DATA RECORDS:
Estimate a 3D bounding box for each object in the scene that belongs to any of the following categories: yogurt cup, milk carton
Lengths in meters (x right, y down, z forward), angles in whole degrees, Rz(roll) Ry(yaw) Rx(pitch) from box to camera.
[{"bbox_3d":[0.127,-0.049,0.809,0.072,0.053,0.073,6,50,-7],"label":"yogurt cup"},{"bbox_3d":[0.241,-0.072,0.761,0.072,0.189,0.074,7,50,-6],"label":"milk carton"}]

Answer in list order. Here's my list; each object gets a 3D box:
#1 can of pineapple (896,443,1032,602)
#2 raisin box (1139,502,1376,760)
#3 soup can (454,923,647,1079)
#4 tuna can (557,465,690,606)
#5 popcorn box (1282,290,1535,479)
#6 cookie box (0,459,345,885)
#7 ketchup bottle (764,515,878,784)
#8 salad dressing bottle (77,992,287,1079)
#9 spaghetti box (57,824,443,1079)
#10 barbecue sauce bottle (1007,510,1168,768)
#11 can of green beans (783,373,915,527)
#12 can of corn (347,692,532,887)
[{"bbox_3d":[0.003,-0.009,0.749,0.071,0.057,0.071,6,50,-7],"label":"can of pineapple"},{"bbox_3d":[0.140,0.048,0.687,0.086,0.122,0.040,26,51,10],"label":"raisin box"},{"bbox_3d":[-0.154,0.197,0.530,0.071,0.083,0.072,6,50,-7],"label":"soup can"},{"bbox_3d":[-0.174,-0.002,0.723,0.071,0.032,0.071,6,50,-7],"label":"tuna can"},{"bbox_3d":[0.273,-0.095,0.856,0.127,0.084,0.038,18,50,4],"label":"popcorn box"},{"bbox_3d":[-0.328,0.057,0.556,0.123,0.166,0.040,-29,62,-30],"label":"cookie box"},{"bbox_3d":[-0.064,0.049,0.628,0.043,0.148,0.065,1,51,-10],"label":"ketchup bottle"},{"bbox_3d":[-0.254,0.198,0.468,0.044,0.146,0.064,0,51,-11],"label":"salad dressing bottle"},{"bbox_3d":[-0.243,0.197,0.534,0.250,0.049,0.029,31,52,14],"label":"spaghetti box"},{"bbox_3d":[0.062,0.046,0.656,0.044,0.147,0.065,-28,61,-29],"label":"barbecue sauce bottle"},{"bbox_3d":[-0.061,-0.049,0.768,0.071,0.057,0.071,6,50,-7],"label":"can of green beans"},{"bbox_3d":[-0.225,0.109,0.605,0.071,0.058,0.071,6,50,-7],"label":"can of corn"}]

THE TASK: The records above are to be repeated in full, word for word.

RESULT OF THE TASK:
Estimate a 3D bounding box for each object in the scene that belongs to any of the following categories: yogurt cup, milk carton
Lengths in meters (x right, y down, z forward), angles in whole degrees, Rz(roll) Ry(yaw) Rx(pitch) from box to camera.
[{"bbox_3d":[0.127,-0.049,0.809,0.072,0.053,0.073,6,50,-7],"label":"yogurt cup"},{"bbox_3d":[0.241,-0.072,0.761,0.072,0.189,0.074,7,50,-6],"label":"milk carton"}]

Answer in list order. Here's my list; each object gets a 3D box:
#1 can of pineapple (896,443,1032,602)
#2 raisin box (1139,502,1376,760)
#3 soup can (454,923,647,1079)
#4 tuna can (557,465,690,606)
#5 popcorn box (1282,290,1535,479)
#6 cookie box (0,459,345,885)
#7 ketchup bottle (764,515,878,784)
#8 salad dressing bottle (77,992,287,1079)
#9 spaghetti box (57,824,443,1079)
#10 barbecue sauce bottle (1007,510,1168,768)
#11 can of green beans (783,373,915,527)
#12 can of corn (347,692,532,887)
[{"bbox_3d":[0.003,-0.009,0.749,0.071,0.057,0.071,6,50,-7],"label":"can of pineapple"},{"bbox_3d":[0.140,0.048,0.687,0.086,0.122,0.040,26,51,10],"label":"raisin box"},{"bbox_3d":[-0.154,0.197,0.530,0.071,0.083,0.072,6,50,-7],"label":"soup can"},{"bbox_3d":[-0.174,-0.002,0.723,0.071,0.032,0.071,6,50,-7],"label":"tuna can"},{"bbox_3d":[0.273,-0.095,0.856,0.127,0.084,0.038,18,50,4],"label":"popcorn box"},{"bbox_3d":[-0.328,0.057,0.556,0.123,0.166,0.040,-29,62,-30],"label":"cookie box"},{"bbox_3d":[-0.064,0.049,0.628,0.043,0.148,0.065,1,51,-10],"label":"ketchup bottle"},{"bbox_3d":[-0.254,0.198,0.468,0.044,0.146,0.064,0,51,-11],"label":"salad dressing bottle"},{"bbox_3d":[-0.243,0.197,0.534,0.250,0.049,0.029,31,52,14],"label":"spaghetti box"},{"bbox_3d":[0.062,0.046,0.656,0.044,0.147,0.065,-28,61,-29],"label":"barbecue sauce bottle"},{"bbox_3d":[-0.061,-0.049,0.768,0.071,0.057,0.071,6,50,-7],"label":"can of green beans"},{"bbox_3d":[-0.225,0.109,0.605,0.071,0.058,0.071,6,50,-7],"label":"can of corn"}]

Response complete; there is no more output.